Given that each variable forms a column and each observation forms a row, we can see that the data is tidy, however, it is not clean. Most of the columns are the correct data type but artists is stored as a list and is not atomic. We will likely be dropping this column anyway since the value of our study comes from predicting how to write and produce a popular song and artist will be a confounding variable since popularity may be from the artist and not necessarily because people like the sound of the song. The data also has categorical variables like whether or not it’s an explicit song so we will need to one hot encode them in order to run ML algorithms on the data.


## Methods
To start off, we will need to do a bit of data cleaning to remove bad data and retain only the columns necessary for our model. Columns like artist will be removed since they're not an audio feature of a song and some artists will be naturally more popular.

Then we will perform initial EDA with basic statistics and visualizations to look for trends. In particular, we want to check whether certain types of values for columns are overly represented given that small sample size for some values in features could negatively bias our model.

Preparing for the machine learning process, we will first encode our categorical data such as genre and whether or not the song is explicit. We'll also apply feature scaling to make sure our features are approximately on the same scale. Then we can split our data into train, validation, and test.

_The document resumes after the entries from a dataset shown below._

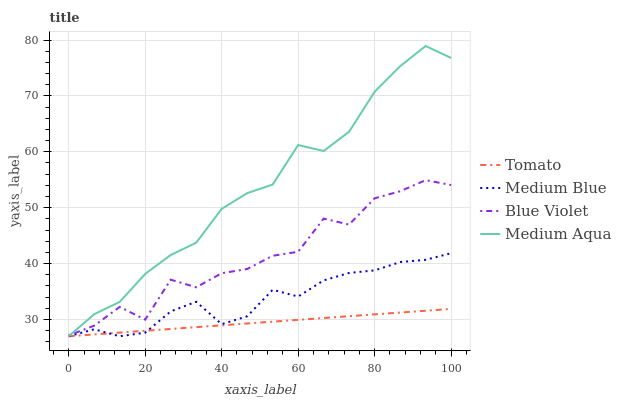Does Tomato have the minimum area under the curve?
Answer yes or no. Yes. Does Medium Aqua have the maximum area under the curve?
Answer yes or no. Yes. Does Medium Blue have the minimum area under the curve?
Answer yes or no. No. Does Medium Blue have the maximum area under the curve?
Answer yes or no. No. Is Tomato the smoothest?
Answer yes or no. Yes. Is Blue Violet the roughest?
Answer yes or no. Yes. Is Medium Aqua the smoothest?
Answer yes or no. No. Is Medium Aqua the roughest?
Answer yes or no. No. Does Tomato have the lowest value?
Answer yes or no. Yes. Does Blue Violet have the lowest value?
Answer yes or no. No. Does Medium Aqua have the highest value?
Answer yes or no. Yes. Does Medium Blue have the highest value?
Answer yes or no. No. Is Tomato less than Blue Violet?
Answer yes or no. Yes. Is Blue Violet greater than Tomato?
Answer yes or no. Yes. Does Medium Aqua intersect Tomato?
Answer yes or no. Yes. Is Medium Aqua less than Tomato?
Answer yes or no. No. Is Medium Aqua greater than Tomato?
Answer yes or no. No. Does Tomato intersect Blue Violet?
Answer yes or no. No. 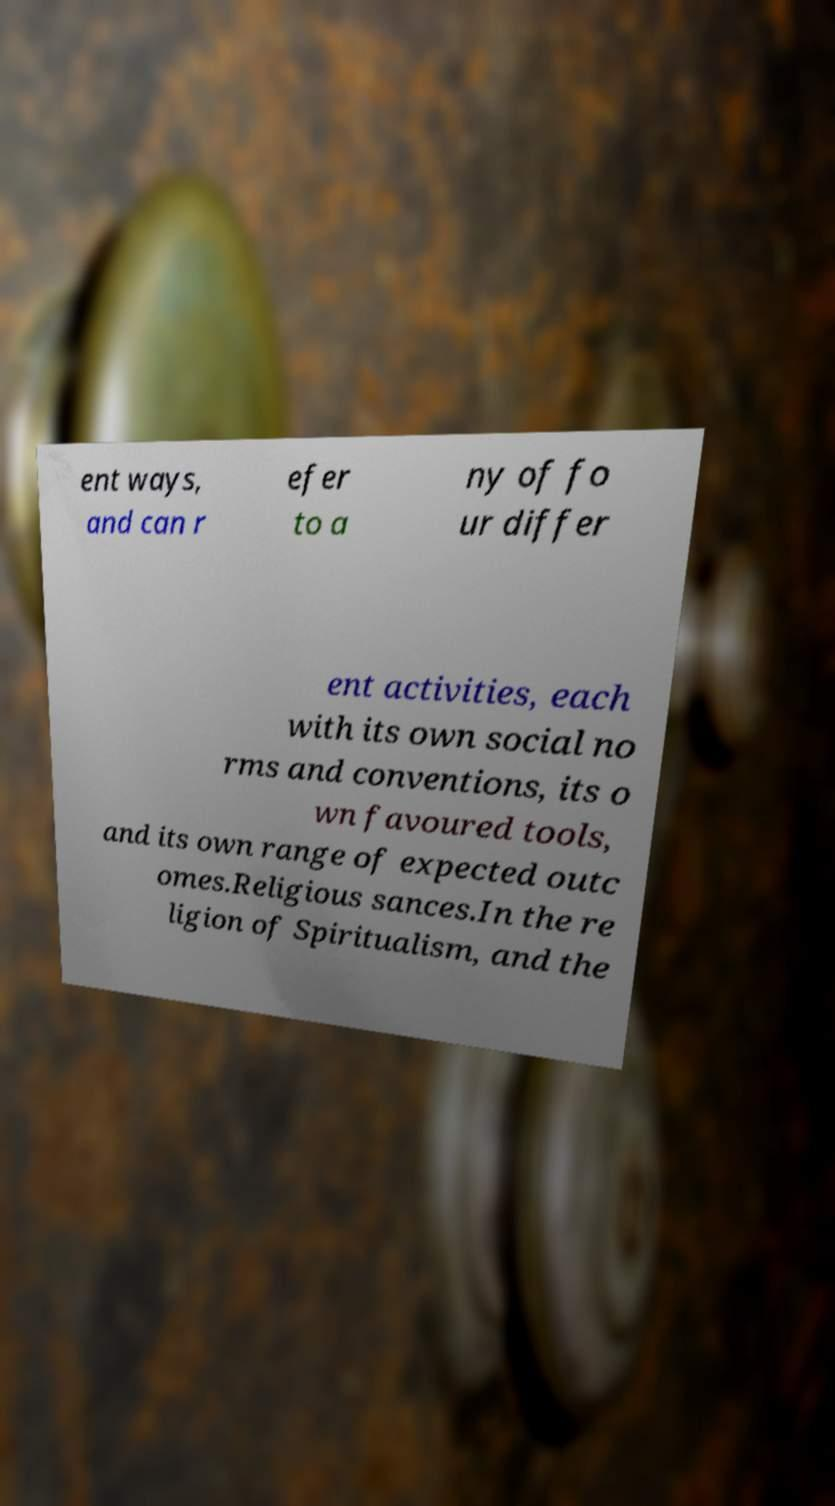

Moving onto training, we'll try various regression methods, including linear regression, logistic regression, decision trees, and random forests. We'll test each model on the validation dataset with various error metrics such as mean squared error and do k-fold cross validation.

Lastly, we'll decide on our strongest model and try it on the test dataset. We can conclude what the most important features were according to our model.

## Possible Findings and Implications
Our expectation for our model is that it should do quite well given that we perceive the most popular songs as being similar. For example, genre might be an important feature since genres like "Pop" are often played on the radio and are indeed popular. On the other hand, it might be an interesting finding if genre isn't an important feature. In that case, this would help lots of aspiring artists who believe that they need to stick to specific genres to make it big. They could follow their musical passion instead!

Our model could also be very useful for music producers who might feel pressured to churn out a big song for their artist. The model could predict whether the song would be popular before anyone has even heard it. This would be invaluable in fine tuning the perfect set of attributes since songwriting is so often constrained by whether the public will appreciate it. For example, we think pumping up the danceability in a track might be key to getting it played in dance clubs. But we're also hoping our model might pick up on unexpected features, such as high speechiness potentially being crucial nowadays for blowing up on TikTok.

Understanding what makes a song popular—tapping into our desires as humans—can rejuvenate the music industry. With the rise of streaming services making all types of music accessible in recent years, competition is tougher than ever, but we hope our model can help!